Nearly a decade ago, director Sofia Bohdanowicz unveiled her cinematic stand-in, Audrey Benac, the emotionally enigmatic scholar akin to Arnaud Despechin’s alter ego, the struggling academic of three features, Paul Dédalus.

In 2016’s Never Eat Alone, Bohdanowicz’s hybrid-documentary feature debut, we first meet Audrey (the always brilliant Deragh Campbell), the granddaughter of the director’s real-life grandmother, Joan Benac, who recruits Audrey in a quest to find a recording of her former lover and television singing partner from decades before. The film is an impressive debut that introduces the research and archive excavation process that will become essential to her character as she delves into familial history that expands into larger statements on gender, memory, and the arts in successive Audrey Benac films.

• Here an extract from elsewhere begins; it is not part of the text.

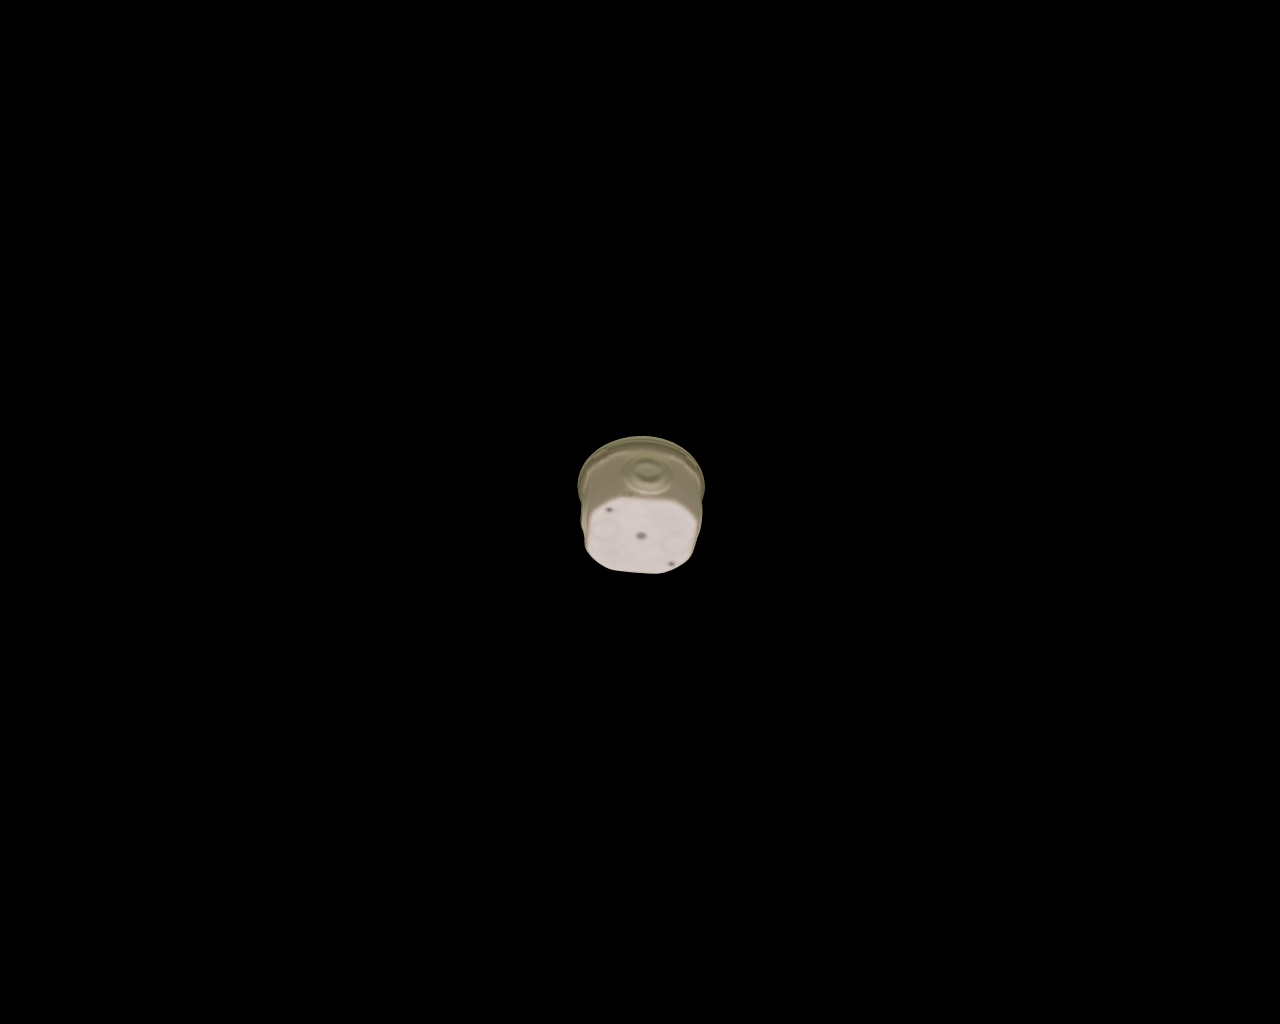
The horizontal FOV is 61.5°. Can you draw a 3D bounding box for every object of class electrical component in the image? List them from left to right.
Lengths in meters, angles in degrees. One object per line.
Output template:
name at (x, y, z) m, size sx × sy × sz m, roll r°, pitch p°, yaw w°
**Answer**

The most open version of Audrey is present in Never Eat Alone: though we see her by herself at moments, she spends most of the film in warm and affectionate exchanges with her grandmother, whom she clearly adores. At this point, Audrey is not internally oppressed by the onerous demands associated with completing her self-imposed research work that would beset her character in later films, and most importantly, Never Eat Alone presents Audrey without the the grief of losing a loved one, the obligation to preserve a loved one’s memory, or the loss of self and attempts to recover it from the depths of family history as she would be in Bohdanowicz’s later films, 2019’s MS Slavic 7 (for which Lily interviewed the director), 2020’s Point and Line to Plane, and A Woman Escapes from 2022, which Bohdanowicz co-directed with filmmakers Burak Çevik and Blake Williams.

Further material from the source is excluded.